Julius Caesar (I, ii, 140-141)

We've looked at J.P. Morgan's fortune teller a few times, links below, here's another big-money advisor.

From Untapped New York, February 23, 2024:

Discover the little known story of Cornelius Vanderbilt's Fortune Teller, the influence she had on his life... and the scandalous legal battle that ensued! 
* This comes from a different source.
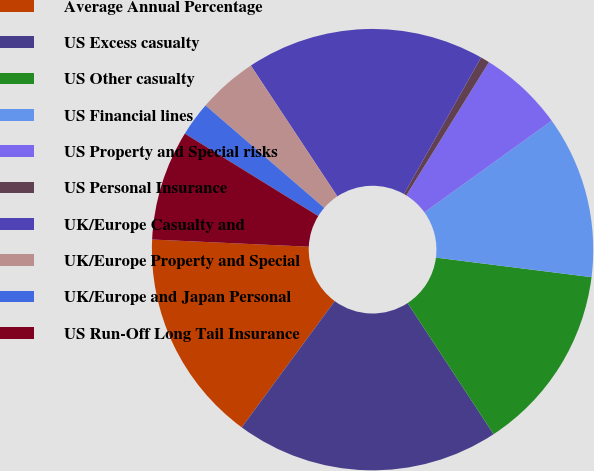<chart> <loc_0><loc_0><loc_500><loc_500><pie_chart><fcel>Average Annual Percentage<fcel>US Excess casualty<fcel>US Other casualty<fcel>US Financial lines<fcel>US Property and Special risks<fcel>US Personal Insurance<fcel>UK/Europe Casualty and<fcel>UK/Europe Property and Special<fcel>UK/Europe and Japan Personal<fcel>US Run-Off Long Tail Insurance<nl><fcel>15.63%<fcel>19.34%<fcel>13.77%<fcel>11.92%<fcel>6.23%<fcel>0.66%<fcel>17.48%<fcel>4.37%<fcel>2.52%<fcel>8.08%<nl></chart> 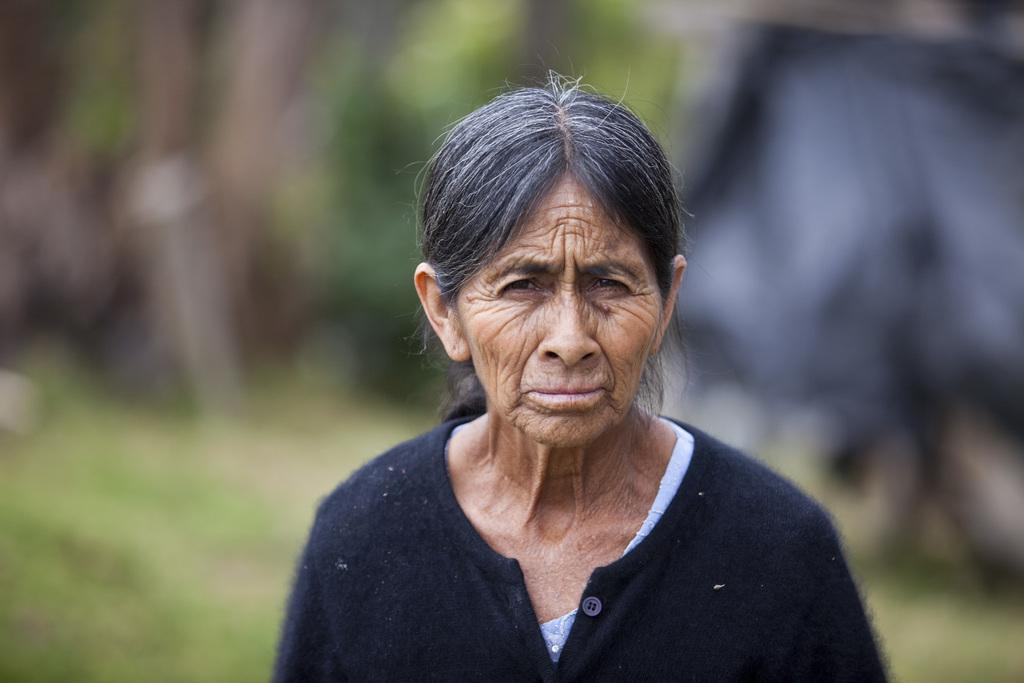Who is the main subject in the image? There is a woman in the image. What is the woman wearing? The woman is wearing a jacket. Can you describe the background of the image? The background of the image is blurry. How many geese can be seen in the image? There are no geese present in the image. What type of cable is connected to the woman's jacket in the image? There is no cable connected to the woman's jacket in the image.

In his opening statement over the dispute of railroad tycoon “Commodore” Cornelius Vanderbilt’s will, attorney Scott Lord proclaimed that Vanderbilt was “a believer in spiritualism” and “clairvoyance and was governed by its revelations.” Lord argued that these beliefs, among other “impairments,” rendered Vanderbilt susceptible to undue influence towards the end of his life while drafting his will. The will allocated the majority of Vanderbilt’s massive fortune to his eldest son, William Henry Vanderbilt, with comparatively modest sums going to the rest of the heirs. The claims of supernatural intervention brought the name of a well-known 19th-century fortune teller, Madame Morrow, into the contentious court battle between William and his siblings.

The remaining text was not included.